Easier and faster editing of chance prints due to additional feature of eraser-style skeleton deletion with multiple eraser thickness.
Common interface for chance prints and rolled prints reducing learning time.
Integrated Henry Code Check available as an option enabling easy detection of errors in marking pattern classes during rolled print slip input.
Temporary storage of chance print during input thus, allowing work to be temporarily suspended if necessary.
Flexibility in image magnification during quality control and editing, thus improving system usability.
Improved accuracy in placement of finger-print box resulting in better resolution and larger on-screen displays.
2) Local Finger-print Encoding:
Encoding of finger-prints is carried out locally. As a result, the processing power of the server is no longer a limitation on the number of remote query terminals that can be connected.
3) Ease of Scalability:
In light of the local encoding of finger-print, the AFIS can easily be scaled from a small system to larger configurations without the need to reconfigure the entire system.
4) Operating System:
AFIS RQTs are built on Windows platform. This enables easier RQT management, wider option with printers including colour printers.
5) Fast and Accurate Matching:
Now, experts no longer have to examine innumerous records.
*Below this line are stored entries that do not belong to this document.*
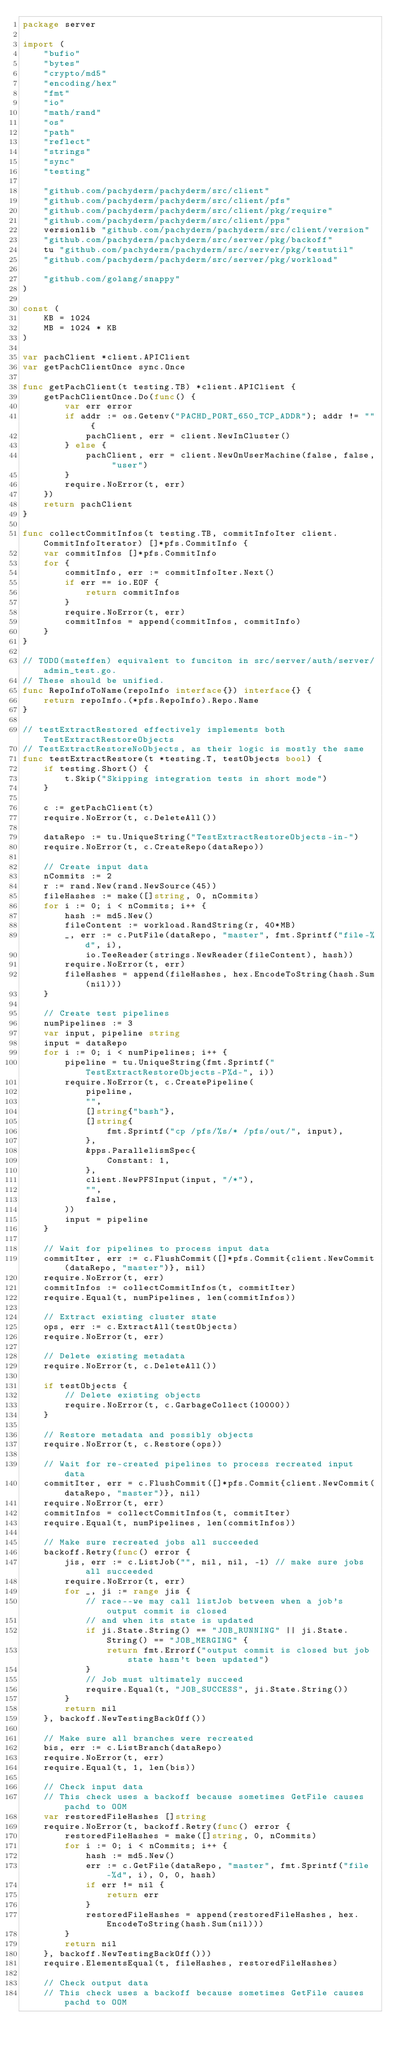Convert code to text. <code><loc_0><loc_0><loc_500><loc_500><_Go_>package server

import (
	"bufio"
	"bytes"
	"crypto/md5"
	"encoding/hex"
	"fmt"
	"io"
	"math/rand"
	"os"
	"path"
	"reflect"
	"strings"
	"sync"
	"testing"

	"github.com/pachyderm/pachyderm/src/client"
	"github.com/pachyderm/pachyderm/src/client/pfs"
	"github.com/pachyderm/pachyderm/src/client/pkg/require"
	"github.com/pachyderm/pachyderm/src/client/pps"
	versionlib "github.com/pachyderm/pachyderm/src/client/version"
	"github.com/pachyderm/pachyderm/src/server/pkg/backoff"
	tu "github.com/pachyderm/pachyderm/src/server/pkg/testutil"
	"github.com/pachyderm/pachyderm/src/server/pkg/workload"

	"github.com/golang/snappy"
)

const (
	KB = 1024
	MB = 1024 * KB
)

var pachClient *client.APIClient
var getPachClientOnce sync.Once

func getPachClient(t testing.TB) *client.APIClient {
	getPachClientOnce.Do(func() {
		var err error
		if addr := os.Getenv("PACHD_PORT_650_TCP_ADDR"); addr != "" {
			pachClient, err = client.NewInCluster()
		} else {
			pachClient, err = client.NewOnUserMachine(false, false, "user")
		}
		require.NoError(t, err)
	})
	return pachClient
}

func collectCommitInfos(t testing.TB, commitInfoIter client.CommitInfoIterator) []*pfs.CommitInfo {
	var commitInfos []*pfs.CommitInfo
	for {
		commitInfo, err := commitInfoIter.Next()
		if err == io.EOF {
			return commitInfos
		}
		require.NoError(t, err)
		commitInfos = append(commitInfos, commitInfo)
	}
}

// TODO(msteffen) equivalent to funciton in src/server/auth/server/admin_test.go.
// These should be unified.
func RepoInfoToName(repoInfo interface{}) interface{} {
	return repoInfo.(*pfs.RepoInfo).Repo.Name
}

// testExtractRestored effectively implements both TestExtractRestoreObjects
// TestExtractRestoreNoObjects, as their logic is mostly the same
func testExtractRestore(t *testing.T, testObjects bool) {
	if testing.Short() {
		t.Skip("Skipping integration tests in short mode")
	}

	c := getPachClient(t)
	require.NoError(t, c.DeleteAll())

	dataRepo := tu.UniqueString("TestExtractRestoreObjects-in-")
	require.NoError(t, c.CreateRepo(dataRepo))

	// Create input data
	nCommits := 2
	r := rand.New(rand.NewSource(45))
	fileHashes := make([]string, 0, nCommits)
	for i := 0; i < nCommits; i++ {
		hash := md5.New()
		fileContent := workload.RandString(r, 40*MB)
		_, err := c.PutFile(dataRepo, "master", fmt.Sprintf("file-%d", i),
			io.TeeReader(strings.NewReader(fileContent), hash))
		require.NoError(t, err)
		fileHashes = append(fileHashes, hex.EncodeToString(hash.Sum(nil)))
	}

	// Create test pipelines
	numPipelines := 3
	var input, pipeline string
	input = dataRepo
	for i := 0; i < numPipelines; i++ {
		pipeline = tu.UniqueString(fmt.Sprintf("TestExtractRestoreObjects-P%d-", i))
		require.NoError(t, c.CreatePipeline(
			pipeline,
			"",
			[]string{"bash"},
			[]string{
				fmt.Sprintf("cp /pfs/%s/* /pfs/out/", input),
			},
			&pps.ParallelismSpec{
				Constant: 1,
			},
			client.NewPFSInput(input, "/*"),
			"",
			false,
		))
		input = pipeline
	}

	// Wait for pipelines to process input data
	commitIter, err := c.FlushCommit([]*pfs.Commit{client.NewCommit(dataRepo, "master")}, nil)
	require.NoError(t, err)
	commitInfos := collectCommitInfos(t, commitIter)
	require.Equal(t, numPipelines, len(commitInfos))

	// Extract existing cluster state
	ops, err := c.ExtractAll(testObjects)
	require.NoError(t, err)

	// Delete existing metadata
	require.NoError(t, c.DeleteAll())

	if testObjects {
		// Delete existing objects
		require.NoError(t, c.GarbageCollect(10000))
	}

	// Restore metadata and possibly objects
	require.NoError(t, c.Restore(ops))

	// Wait for re-created pipelines to process recreated input data
	commitIter, err = c.FlushCommit([]*pfs.Commit{client.NewCommit(dataRepo, "master")}, nil)
	require.NoError(t, err)
	commitInfos = collectCommitInfos(t, commitIter)
	require.Equal(t, numPipelines, len(commitInfos))

	// Make sure recreated jobs all succeeded
	backoff.Retry(func() error {
		jis, err := c.ListJob("", nil, nil, -1) // make sure jobs all succeeded
		require.NoError(t, err)
		for _, ji := range jis {
			// race--we may call listJob between when a job's output commit is closed
			// and when its state is updated
			if ji.State.String() == "JOB_RUNNING" || ji.State.String() == "JOB_MERGING" {
				return fmt.Errorf("output commit is closed but job state hasn't been updated")
			}
			// Job must ultimately succeed
			require.Equal(t, "JOB_SUCCESS", ji.State.String())
		}
		return nil
	}, backoff.NewTestingBackOff())

	// Make sure all branches were recreated
	bis, err := c.ListBranch(dataRepo)
	require.NoError(t, err)
	require.Equal(t, 1, len(bis))

	// Check input data
	// This check uses a backoff because sometimes GetFile causes pachd to OOM
	var restoredFileHashes []string
	require.NoError(t, backoff.Retry(func() error {
		restoredFileHashes = make([]string, 0, nCommits)
		for i := 0; i < nCommits; i++ {
			hash := md5.New()
			err := c.GetFile(dataRepo, "master", fmt.Sprintf("file-%d", i), 0, 0, hash)
			if err != nil {
				return err
			}
			restoredFileHashes = append(restoredFileHashes, hex.EncodeToString(hash.Sum(nil)))
		}
		return nil
	}, backoff.NewTestingBackOff()))
	require.ElementsEqual(t, fileHashes, restoredFileHashes)

	// Check output data
	// This check uses a backoff because sometimes GetFile causes pachd to OOM</code>

They only have to scan the finger-print in question and send it to the matcher server for comparison. If the finger-print already exists in the database, the result can be obtained only in few minutes.
6) No Wear and Tear:
As digital record is not a victim of usual wear and tear, literally there is no maintenance cost involved in the system. However, proper back ups are necessary to avoid any disastrous loss of database.
Since installation of AFIS, Chhattisgarh Police has achieved following milestones:
Approximately 18,000 convicts’ finger-prints digitised.
Pilot RQT at capital Raipur commissioned.
FPB experts’ initial training successfully completed.
FPB experts’ confidence increased. They are computer savvy now.
Matching of finger-prints is in progress.
Installation of RQT at more locations to be done shortly.
Limitations of AFIS
It does not specify any reference print to be an exact one-to-one match against the query print. It gives a short list of probable matches and requires an expert’s aid to verify the listed individual prints visually,
Chance prints with eight or more minutiae can only be submitted for matching.
Palm prints and sole prints are not stored in the system.
SecureMantra Technologies Pvt. Ltd., claims its indigenously developed algorithm to be one of the best as compared to other such software currently in use in other FPBs to search for a chance print. But it has yet to make a dent on our experts’ mindset by successfully proving its point with time. Undoubtedly, a new era of computerisation has already begun in Chhattisgarh. It might have made a little headway in the police department, but this initiative will go a long way in metamorphosing the policemen.